ROCm / ROCK-Kernel-Driver

AMDGPU Driver with KFD used by the ROCm project. Also contains the current Linux Kernel that matches this base driver
Other
320 stars 97 forks source link

Rock-kernel API for ktread options? #146

Open jpsollie opened 1 year ago

jpsollie commented 1 year ago

A few days ago, I gave up on hardware raid (due to having MANY issues with different controllers) and am preparing to go for linux software raid instead.

An idea I'm playing with, is to see whether I can develop a mod so the linux kernel uses the GPU when available (HSA / amdkfd) so the CPU isn't loaded by performing raid 6 calculations to verify integrity. It has other jobs to do.

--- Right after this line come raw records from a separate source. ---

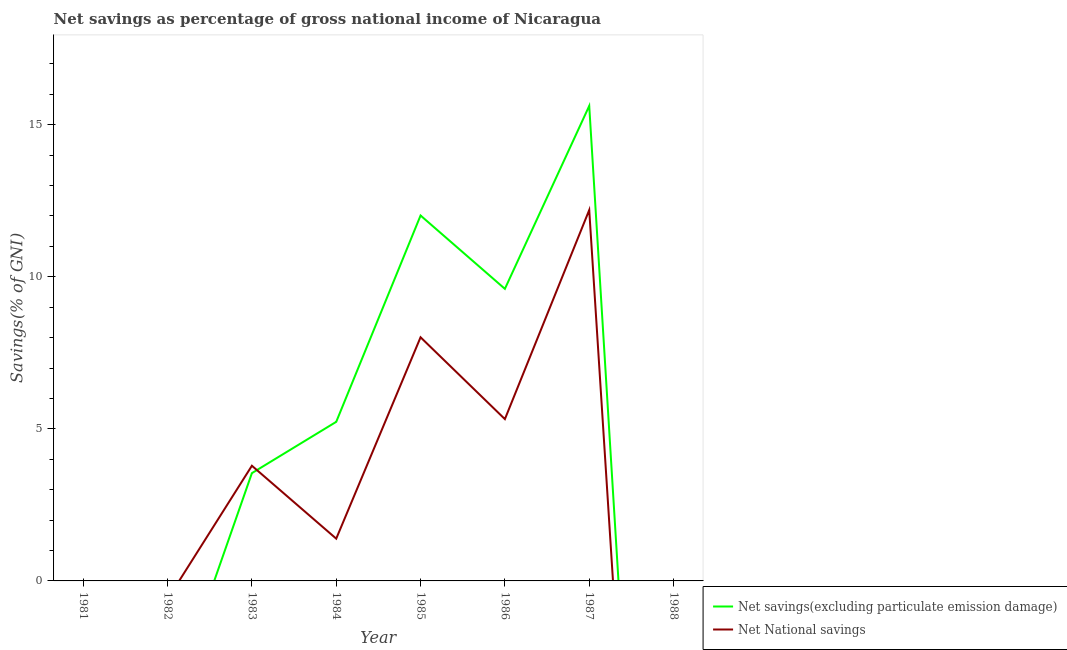How many different coloured lines are there?
Offer a very short reply. 2. Does the line corresponding to net national savings intersect with the line corresponding to net savings(excluding particulate emission damage)?
Your answer should be compact. Yes. Is the number of lines equal to the number of legend labels?
Give a very brief answer. No. What is the net savings(excluding particulate emission damage) in 1988?
Give a very brief answer. 0. Across all years, what is the maximum net national savings?
Offer a very short reply. 12.19. Across all years, what is the minimum net savings(excluding particulate emission damage)?
Give a very brief answer. 0. What is the total net savings(excluding particulate emission damage) in the graph?
Your answer should be very brief. 46.01. What is the difference between the net savings(excluding particulate emission damage) in 1985 and that in 1986?
Your response must be concise. 2.41. What is the difference between the net savings(excluding particulate emission damage) in 1985 and the net national savings in 1984?
Keep it short and to the point. 10.63. What is the average net savings(excluding particulate emission damage) per year?
Ensure brevity in your answer.  5.75. In the year 1986, what is the difference between the net savings(excluding particulate emission damage) and net national savings?
Provide a short and direct response. 4.28. What is the ratio of the net savings(excluding particulate emission damage) in 1986 to that in 1987?
Offer a very short reply. 0.61. Is the difference between the net national savings in 1985 and 1986 greater than the difference between the net savings(excluding particulate emission damage) in 1985 and 1986?
Provide a short and direct response. Yes. What is the difference between the highest and the second highest net national savings?
Keep it short and to the point. 4.18. What is the difference between the highest and the lowest net savings(excluding particulate emission damage)?
Offer a terse response. 15.62. Does the net savings(excluding particulate emission damage) monotonically increase over the years?
Offer a very short reply. No. How many years are there in the graph?
Give a very brief answer. 8. Are the values on the major ticks of Y-axis written in scientific E-notation?
Offer a terse response. No. Where does the legend appear in the graph?
Offer a terse response. Bottom right. How are the legend labels stacked?
Provide a succinct answer. Vertical. What is the title of the graph?
Make the answer very short. Net savings as percentage of gross national income of Nicaragua. What is the label or title of the Y-axis?
Offer a very short reply. Savings(% of GNI). What is the Savings(% of GNI) in Net savings(excluding particulate emission damage) in 1982?
Provide a succinct answer. 0. What is the Savings(% of GNI) of Net savings(excluding particulate emission damage) in 1983?
Your answer should be compact. 3.54. What is the Savings(% of GNI) of Net National savings in 1983?
Your answer should be very brief. 3.79. What is the Savings(% of GNI) in Net savings(excluding particulate emission damage) in 1984?
Your answer should be compact. 5.23. What is the Savings(% of GNI) in Net National savings in 1984?
Ensure brevity in your answer.  1.39. What is the Savings(% of GNI) in Net savings(excluding particulate emission damage) in 1985?
Provide a short and direct response. 12.02. What is the Savings(% of GNI) of Net National savings in 1985?
Your answer should be very brief. 8.01. What is the Savings(% of GNI) in Net savings(excluding particulate emission damage) in 1986?
Ensure brevity in your answer.  9.6. What is the Savings(% of GNI) in Net National savings in 1986?
Your response must be concise. 5.32. What is the Savings(% of GNI) of Net savings(excluding particulate emission damage) in 1987?
Make the answer very short. 15.62. What is the Savings(% of GNI) in Net National savings in 1987?
Your answer should be compact. 12.19. What is the Savings(% of GNI) of Net National savings in 1988?
Offer a terse response. 0. Across all years, what is the maximum Savings(% of GNI) of Net savings(excluding particulate emission damage)?
Make the answer very short. 15.62. Across all years, what is the maximum Savings(% of GNI) in Net National savings?
Offer a terse response. 12.19. Across all years, what is the minimum Savings(% of GNI) in Net National savings?
Ensure brevity in your answer.  0. What is the total Savings(% of GNI) in Net savings(excluding particulate emission damage) in the graph?
Make the answer very short. 46.01. What is the total Savings(% of GNI) of Net National savings in the graph?
Offer a very short reply. 30.7. What is the difference between the Savings(% of GNI) in Net savings(excluding particulate emission damage) in 1983 and that in 1984?
Provide a short and direct response. -1.69. What is the difference between the Savings(% of GNI) in Net National savings in 1983 and that in 1984?
Your answer should be very brief. 2.4. What is the difference between the Savings(% of GNI) in Net savings(excluding particulate emission damage) in 1983 and that in 1985?
Offer a terse response. -8.47. What is the difference between the Savings(% of GNI) in Net National savings in 1983 and that in 1985?
Offer a very short reply. -4.22. What is the difference between the Savings(% of GNI) in Net savings(excluding particulate emission damage) in 1983 and that in 1986?
Offer a very short reply. -6.06. What is the difference between the Savings(% of GNI) of Net National savings in 1983 and that in 1986?
Offer a very short reply. -1.53. What is the difference between the Savings(% of GNI) of Net savings(excluding particulate emission damage) in 1983 and that in 1987?
Make the answer very short. -12.07. What is the difference between the Savings(% of GNI) in Net National savings in 1983 and that in 1987?
Your response must be concise. -8.41. What is the difference between the Savings(% of GNI) of Net savings(excluding particulate emission damage) in 1984 and that in 1985?
Keep it short and to the point. -6.78. What is the difference between the Savings(% of GNI) in Net National savings in 1984 and that in 1985?
Your answer should be compact. -6.62. What is the difference between the Savings(% of GNI) of Net savings(excluding particulate emission damage) in 1984 and that in 1986?
Provide a short and direct response. -4.37. What is the difference between the Savings(% of GNI) in Net National savings in 1984 and that in 1986?
Make the answer very short. -3.93. What is the difference between the Savings(% of GNI) in Net savings(excluding particulate emission damage) in 1984 and that in 1987?
Keep it short and to the point. -10.39. What is the difference between the Savings(% of GNI) of Net National savings in 1984 and that in 1987?
Give a very brief answer. -10.8. What is the difference between the Savings(% of GNI) in Net savings(excluding particulate emission damage) in 1985 and that in 1986?
Provide a succinct answer. 2.41. What is the difference between the Savings(% of GNI) in Net National savings in 1985 and that in 1986?
Keep it short and to the point. 2.69. What is the difference between the Savings(% of GNI) of Net savings(excluding particulate emission damage) in 1985 and that in 1987?
Offer a very short reply. -3.6. What is the difference between the Savings(% of GNI) of Net National savings in 1985 and that in 1987?
Give a very brief answer. -4.18. What is the difference between the Savings(% of GNI) of Net savings(excluding particulate emission damage) in 1986 and that in 1987?
Ensure brevity in your answer.  -6.01. What is the difference between the Savings(% of GNI) of Net National savings in 1986 and that in 1987?
Keep it short and to the point. -6.87. What is the difference between the Savings(% of GNI) of Net savings(excluding particulate emission damage) in 1983 and the Savings(% of GNI) of Net National savings in 1984?
Give a very brief answer. 2.15. What is the difference between the Savings(% of GNI) of Net savings(excluding particulate emission damage) in 1983 and the Savings(% of GNI) of Net National savings in 1985?
Give a very brief answer. -4.47. What is the difference between the Savings(% of GNI) in Net savings(excluding particulate emission damage) in 1983 and the Savings(% of GNI) in Net National savings in 1986?
Your answer should be compact. -1.78. What is the difference between the Savings(% of GNI) of Net savings(excluding particulate emission damage) in 1983 and the Savings(% of GNI) of Net National savings in 1987?
Ensure brevity in your answer.  -8.65. What is the difference between the Savings(% of GNI) in Net savings(excluding particulate emission damage) in 1984 and the Savings(% of GNI) in Net National savings in 1985?
Ensure brevity in your answer.  -2.78. What is the difference between the Savings(% of GNI) of Net savings(excluding particulate emission damage) in 1984 and the Savings(% of GNI) of Net National savings in 1986?
Give a very brief answer. -0.09. What is the difference between the Savings(% of GNI) in Net savings(excluding particulate emission damage) in 1984 and the Savings(% of GNI) in Net National savings in 1987?
Offer a very short reply. -6.96. What is the difference between the Savings(% of GNI) of Net savings(excluding particulate emission damage) in 1985 and the Savings(% of GNI) of Net National savings in 1986?
Make the answer very short. 6.69. What is the difference between the Savings(% of GNI) in Net savings(excluding particulate emission damage) in 1985 and the Savings(% of GNI) in Net National savings in 1987?
Ensure brevity in your answer.  -0.18. What is the difference between the Savings(% of GNI) in Net savings(excluding particulate emission damage) in 1986 and the Savings(% of GNI) in Net National savings in 1987?
Your response must be concise. -2.59. What is the average Savings(% of GNI) of Net savings(excluding particulate emission damage) per year?
Your answer should be very brief. 5.75. What is the average Savings(% of GNI) in Net National savings per year?
Your answer should be compact. 3.84. In the year 1983, what is the difference between the Savings(% of GNI) of Net savings(excluding particulate emission damage) and Savings(% of GNI) of Net National savings?
Offer a very short reply. -0.24. In the year 1984, what is the difference between the Savings(% of GNI) of Net savings(excluding particulate emission damage) and Savings(% of GNI) of Net National savings?
Make the answer very short. 3.84. In the year 1985, what is the difference between the Savings(% of GNI) in Net savings(excluding particulate emission damage) and Savings(% of GNI) in Net National savings?
Make the answer very short. 4. In the year 1986, what is the difference between the Savings(% of GNI) in Net savings(excluding particulate emission damage) and Savings(% of GNI) in Net National savings?
Your answer should be very brief. 4.28. In the year 1987, what is the difference between the Savings(% of GNI) of Net savings(excluding particulate emission damage) and Savings(% of GNI) of Net National savings?
Your answer should be very brief. 3.42. What is the ratio of the Savings(% of GNI) in Net savings(excluding particulate emission damage) in 1983 to that in 1984?
Keep it short and to the point. 0.68. What is the ratio of the Savings(% of GNI) in Net National savings in 1983 to that in 1984?
Your response must be concise. 2.72. What is the ratio of the Savings(% of GNI) in Net savings(excluding particulate emission damage) in 1983 to that in 1985?
Provide a succinct answer. 0.29. What is the ratio of the Savings(% of GNI) in Net National savings in 1983 to that in 1985?
Give a very brief answer. 0.47. What is the ratio of the Savings(% of GNI) of Net savings(excluding particulate emission damage) in 1983 to that in 1986?
Give a very brief answer. 0.37. What is the ratio of the Savings(% of GNI) of Net National savings in 1983 to that in 1986?
Provide a short and direct response. 0.71. What is the ratio of the Savings(% of GNI) of Net savings(excluding particulate emission damage) in 1983 to that in 1987?
Your answer should be compact. 0.23. What is the ratio of the Savings(% of GNI) in Net National savings in 1983 to that in 1987?
Offer a very short reply. 0.31. What is the ratio of the Savings(% of GNI) in Net savings(excluding particulate emission damage) in 1984 to that in 1985?
Give a very brief answer. 0.44. What is the ratio of the Savings(% of GNI) of Net National savings in 1984 to that in 1985?
Provide a succinct answer. 0.17. What is the ratio of the Savings(% of GNI) of Net savings(excluding particulate emission damage) in 1984 to that in 1986?
Keep it short and to the point. 0.54. What is the ratio of the Savings(% of GNI) of Net National savings in 1984 to that in 1986?
Your answer should be very brief. 0.26. What is the ratio of the Savings(% of GNI) in Net savings(excluding particulate emission damage) in 1984 to that in 1987?
Your answer should be compact. 0.33. What is the ratio of the Savings(% of GNI) of Net National savings in 1984 to that in 1987?
Keep it short and to the point. 0.11. What is the ratio of the Savings(% of GNI) of Net savings(excluding particulate emission damage) in 1985 to that in 1986?
Your answer should be compact. 1.25. What is the ratio of the Savings(% of GNI) of Net National savings in 1985 to that in 1986?
Ensure brevity in your answer.  1.51. What is the ratio of the Savings(% of GNI) of Net savings(excluding particulate emission damage) in 1985 to that in 1987?
Provide a succinct answer. 0.77. What is the ratio of the Savings(% of GNI) of Net National savings in 1985 to that in 1987?
Provide a succinct answer. 0.66. What is the ratio of the Savings(% of GNI) of Net savings(excluding particulate emission damage) in 1986 to that in 1987?
Your response must be concise. 0.61. What is the ratio of the Savings(% of GNI) of Net National savings in 1986 to that in 1987?
Your answer should be very brief. 0.44. What is the difference between the highest and the second highest Savings(% of GNI) of Net savings(excluding particulate emission damage)?
Offer a terse response. 3.6. What is the difference between the highest and the second highest Savings(% of GNI) of Net National savings?
Provide a succinct answer. 4.18. What is the difference between the highest and the lowest Savings(% of GNI) of Net savings(excluding particulate emission damage)?
Offer a very short reply. 15.62. What is the difference between the highest and the lowest Savings(% of GNI) of Net National savings?
Keep it short and to the point. 12.19.

I know openCL, but is there a way to use HSA /amdkfd in the linux kernel directly without an external llvm-based compiler? and if so, is there ANY documentation about that?

fxkamd commented 1 year ago

I don't know of any precedent of using OpenCL in kernel mode. It requires significant user mode SW that would not be practical to run in kernel mode. I won't even mention the potential security implications. If you want to use GPU computing in kernel mode, you'd have to do this at a much lower level, offline-compiled shader code, and a simple kernel-mode runtime to dispatch the compute jobs to the GPU, setup the parameters and memory mappings etc. Shader ISA varies between different GPU generations, so this would not be portable at all. Maybe you could load the shader code from a user mode helper. You'd also need some kind of kernel mode interface from RAID to the GPU driver. Finally, if the GPU ever crashes, you risk data corruption on your drives without some very careful error/timeout handling. Given that the point of RAID is improved reliability and data integrity, I would recommend against using GPUs, except maybe some recent data-center GPUs that support RAS (e.g. ECC for VRAM etc.).

jpsollie commented 1 year ago

I don't know of any precedent of using OpenCL in kernel mode. It requires significant user mode SW that would not be practical to run in kernel mode. I won't even mention the potential security implications. If you want to use GPU computing in kernel mode, you'd have to do this at a much lower level, offline-compiled shader code, and a simple kernel-mode runtime to dispatch the compute jobs to the GPU, setup the parameters and memory mappings etc. Shader ISA varies between different GPU generations, so this would not be portable at all. Maybe you could load the shader code from a user mode helper. You'd also need some kind of kernel mode interface from RAID to the GPU driver. Finally, if the GPU ever crashes, you risk data corruption on your drives without some very careful error/timeout handling. Given that the point of RAID is improved reliability and data integrity, I would recommend against using GPUs, except maybe some recent data-center GPUs that support RAS (e.g. ECC for VRAM etc.).

Thanks for your reply, I am aware of the risk of GPU offloading, though I'd wonder whether ECC memory would be a big deal here: I want the GPU to verify the correctness of the 2 ecc strips when performing a read operation, or recalculate missing data in case of a degraded array. The second is an atomic operation when you have a journal. But it looks pretty complex indeed. Do you think the 6.2 accel subsystem may be of any use?

ppanchad-amd commented 3 weeks ago

@jpsollie Do you still require assistance with this ticket? If not, please close the ticket. Thanks!